When I started extracting the actual rule mechanism from the knowledge base, I was struck by the similarity between what I was trying to tag and the general form of a topic map. Each rule might be represented by one or more associations. In each association, the topic would correspond to the rule in the published guidance, and the members of the association would correspond to the trigger concepts.

Such a use of topic maps would be a bit unconventional, however. A topic map is generally thought of as an assembly of metadata that serves as a catalog or index to an existing collection of resources. An association in a topic map expresses some relationship involving a number of topics, which are presumed to correspond to resources that exist in the collection to which the metadata applies. The user goes to the topic map to search or pose questions about the collection and retrieve the resources. In this case, however, the external resources are always changing as different documents are submitted for analysis. The topic map guides the analytical engine to examine the documents, but there is no prior expectation of what will appear in them. The topics exist as potential search items in the knowledge base only. The Ferret engine is the connection between the knowledge base, including the topic maps, and the external documents. In effect, the associations posed in the topic map are only potential associations. If occurrences of the topics are indeed found in the documents under analysis, then the associations change from potential to real, and the rule that is the primary member of the association will be triggered.
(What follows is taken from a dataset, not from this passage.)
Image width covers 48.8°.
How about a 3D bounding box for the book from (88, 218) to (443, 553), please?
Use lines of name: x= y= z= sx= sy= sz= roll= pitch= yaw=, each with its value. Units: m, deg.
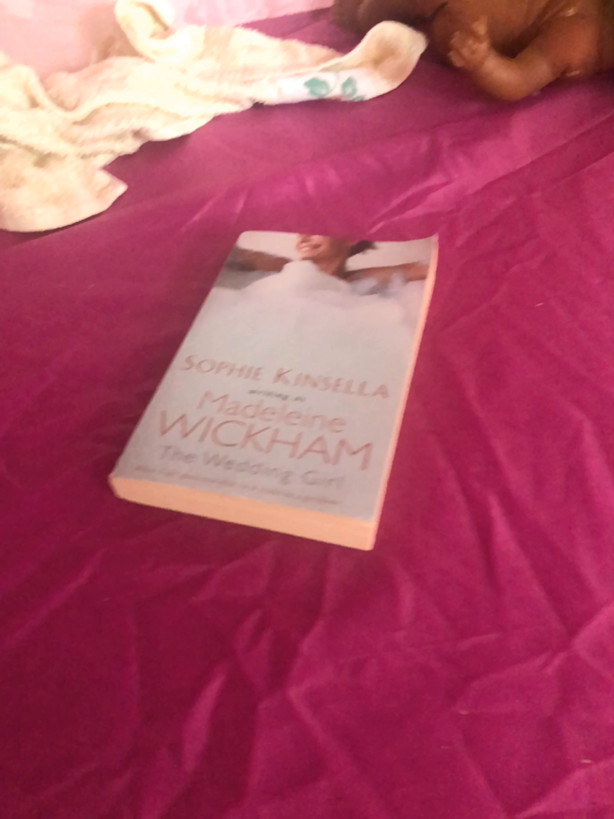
book: x=-0.008 y=-0.030 z=0.372 sx=0.135 sy=0.027 sz=0.203 roll=10 pitch=50 yaw=13
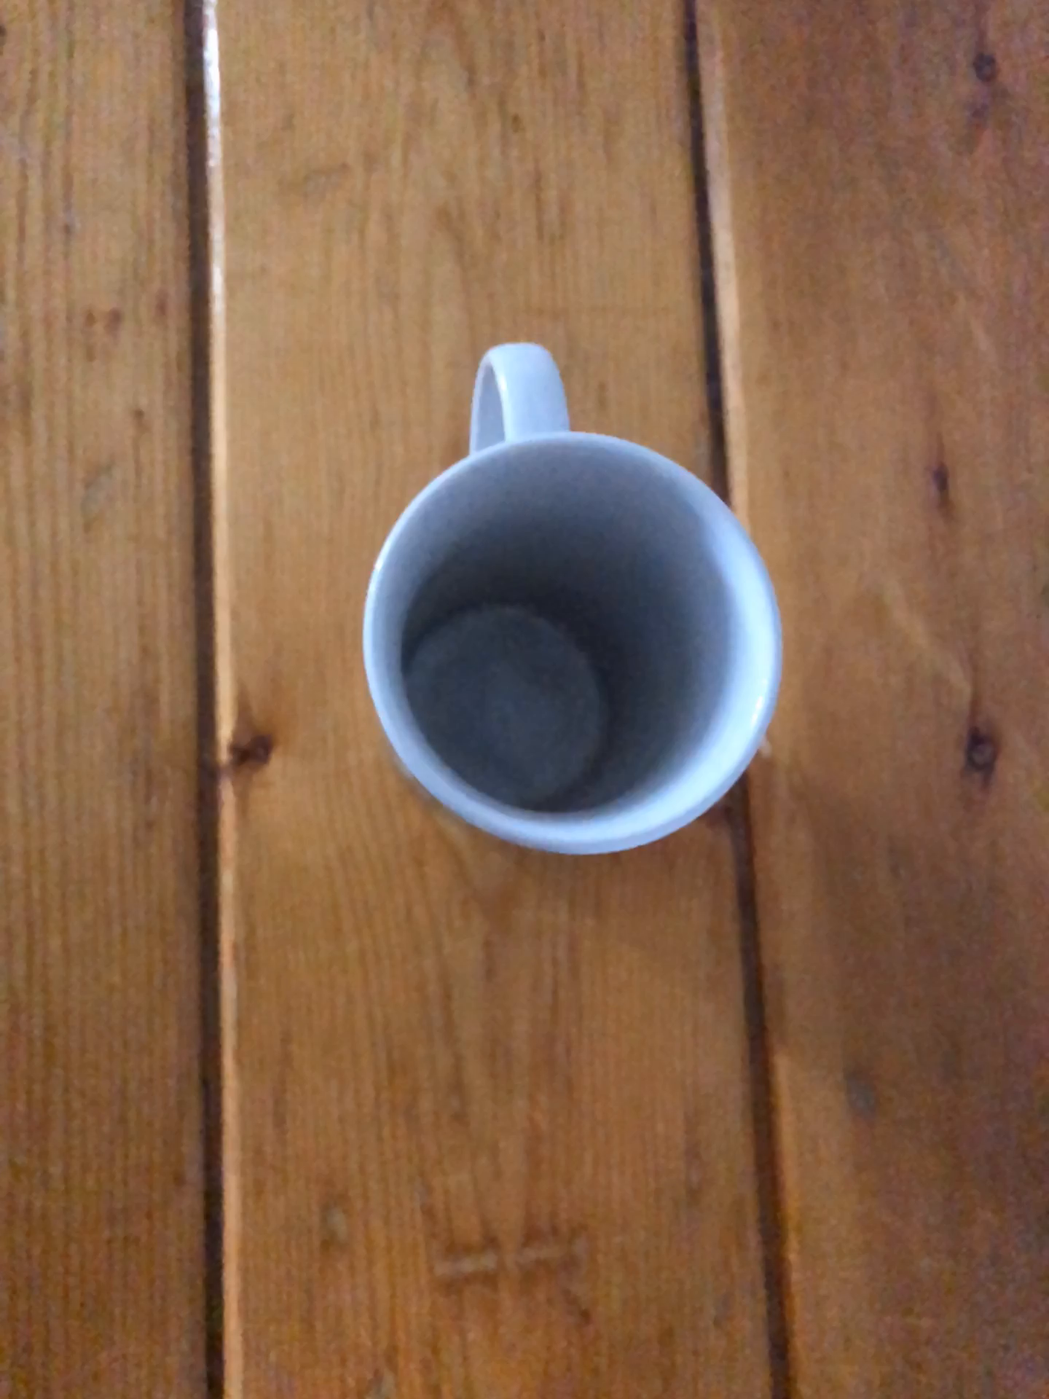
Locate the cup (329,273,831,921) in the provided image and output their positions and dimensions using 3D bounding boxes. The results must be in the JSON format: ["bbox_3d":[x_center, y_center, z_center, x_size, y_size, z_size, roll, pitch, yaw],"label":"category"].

In the original representation, a trigger rule had the form

<!ELEMENT rule (concept+, action)>
			 

The concepts were drawn from the implication trees, and the targets were the stated rules from the guidance. Thus rule 110.5 might be expressed:

 
<rule>
  <concept source="#EFI">
  <concept source="#specific-engine">
  <action target="rules#110.5">
</rule>
<rule>
  <concept source="#EFI">
  <concept source="#specific-make">
  <action target="rules#110.5">
</rule>
<rule>
  <concept source="#EFI">
  <concept	source="#specific-model">
  <action target="rules#110.5">
</rule>

			 

The source attribute of a concept element corresponds to some term from the implication trees. The target attribute of the action element calls the interface component that displays Ferret's findings to the user. The user interface in the classification application displays the analyzed text with suspect passages highlighted (blue for confidential and red for secret). Clicking on a highlighted passage will cause the rules that have been triggered to be displayed in a second window.

2.2. The XTM Knowledge Base for Ferret

The release of the XML Topic Map (XTM) specification while we were rethinking some parts of our initial studies for the Ferret knowledge base inspired me to unify the diverse parts of the first XML structure for the base in a new structure that was entirely based on the topic-map paradigm. Conversion to XTM was not just an academic exercise: I was hoping that the conversion would solve some problems, such as the layering of trees. Now I also hope that as topic-map tools become available, they will provide us with a better interface for creating and maintaining knowledge bases.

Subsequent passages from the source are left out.